- Nearest city: Aquiraz, Ceará
- Coordinates: 3°59′44″S 38°14′24″W﻿ / ﻿3.995551°S 38.240116°W
- Area: 602 hectares (1,490 acres)
- Designation: Extractive reserve
- Created: 5 June 2003
- Administrator: Chico Mendes Institute for Biodiversity Conservation

= Batoque Extractive Reserve =

Extractive reserve in Ceará, Brazil

The Batoque Extractive Reserve (Reserva Extrativista do Batoque) is an extractive reserve in the state of Ceará, Brazil.

==Location==

The Batoque Extractive Reserve is in the municipality of Aquiraz, Ceará.
It has an area of 602 ha.
The Batoque Lagoon covers about 55 ha of the reserve.
The environment around the lagoon is fragile, and is threatened by dense occupation of the surrounding land.

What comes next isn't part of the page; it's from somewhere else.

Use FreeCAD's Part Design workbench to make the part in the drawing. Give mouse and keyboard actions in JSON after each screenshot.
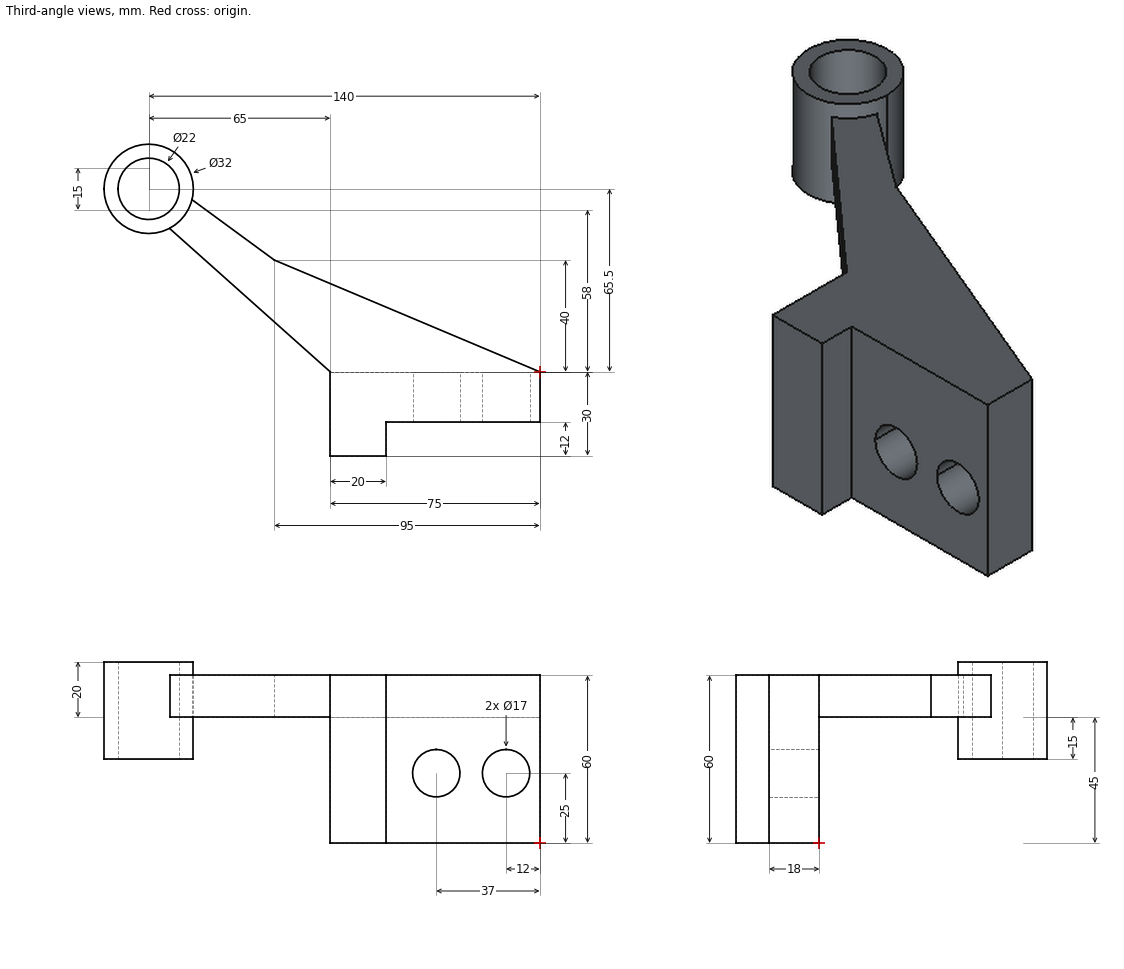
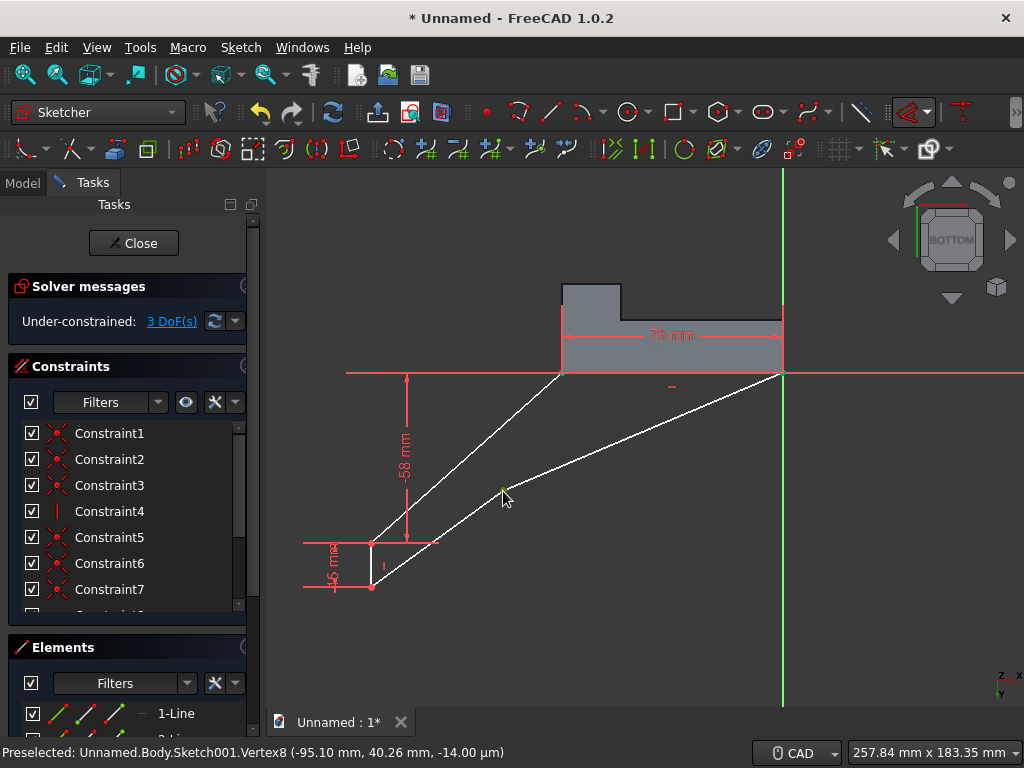
{"action": "left_click", "coordinate": [930, 112]}

The village of Batoque is over 80 years old, founded by residents who fished and grew subsistence crops.
The residents who engage in extractive activities are mainly involved in marine fishery using traditional boats and rafts.
Some also engage in subsistence agriculture, growing crops such as potatoes and cassava.
As of 2015 there were 262 families in the reserve.
They are eligible for quarterly payments of R$300 in exchange for conserving the ecosystems.

==History==

From the 1970s outsiders began to move into the region around the village.
In 1989 the community founded an association to combat speculators, and in 1999 became engaged in a bitter struggle against a construction company that wanted to build a massive hotel project in the region.
In 2000 the Federal Public Ministry (MPF) agreed to start the process for creating a reserve to protect the land.
The Batoque Extractive Reserve was created by federal decree on 5 June 2003.
It is administered by the Chico Mendes Institute for Biodiversity Conservation (ICMBio).

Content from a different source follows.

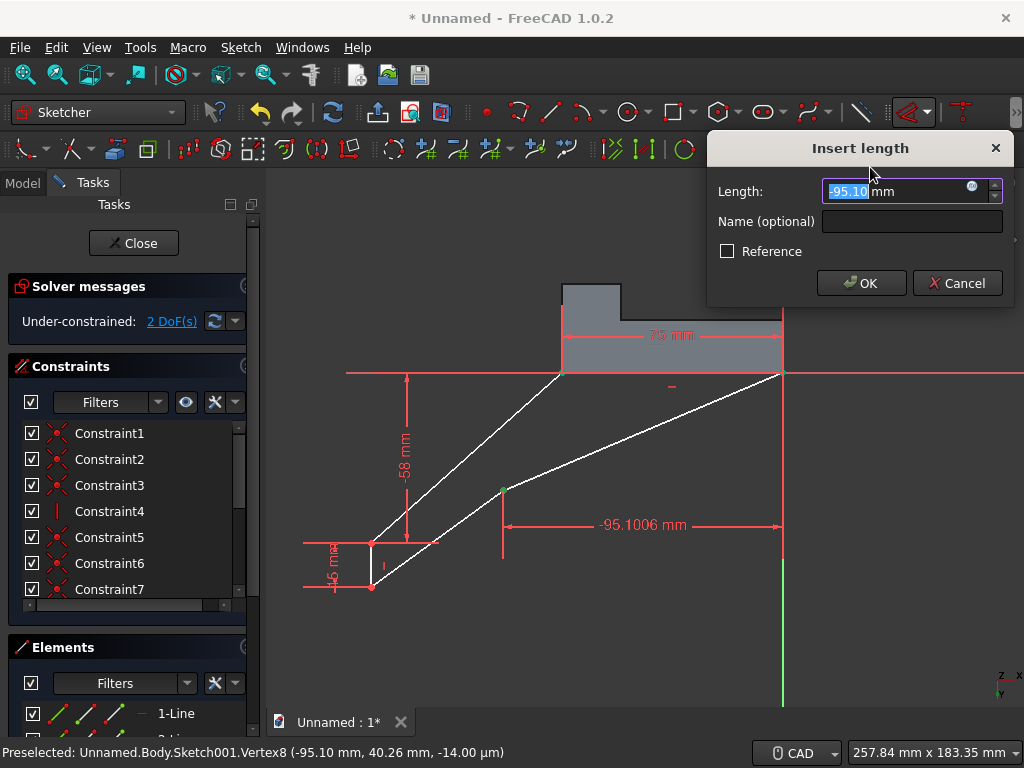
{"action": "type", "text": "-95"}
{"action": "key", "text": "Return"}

The reserve is classed as IUCN protected area category VI (protected area with sustainable use of natural resources).
An extractive reserve is an area used by traditional extractive populations whose livelihood is based on extraction, subsistence agriculture and small-scale animal raising.
Its basic objectives are to protect the livelihoods and culture of these people and to ensure sustainable use of natural resources.

On 24 August 2004 the Instituto Nacional de Colonização e Reforma Agrária (INCRA: National Institute for Colonization and Agrarian Reform) recognised the reserve as supporting 230 families of small rural producers, who would qualify for PRONAF support.
The deliberative council was created on 24 May 2012.
On 29 February 2016 a profile of the beneficiary families was published as a basis for discussion of scenarios.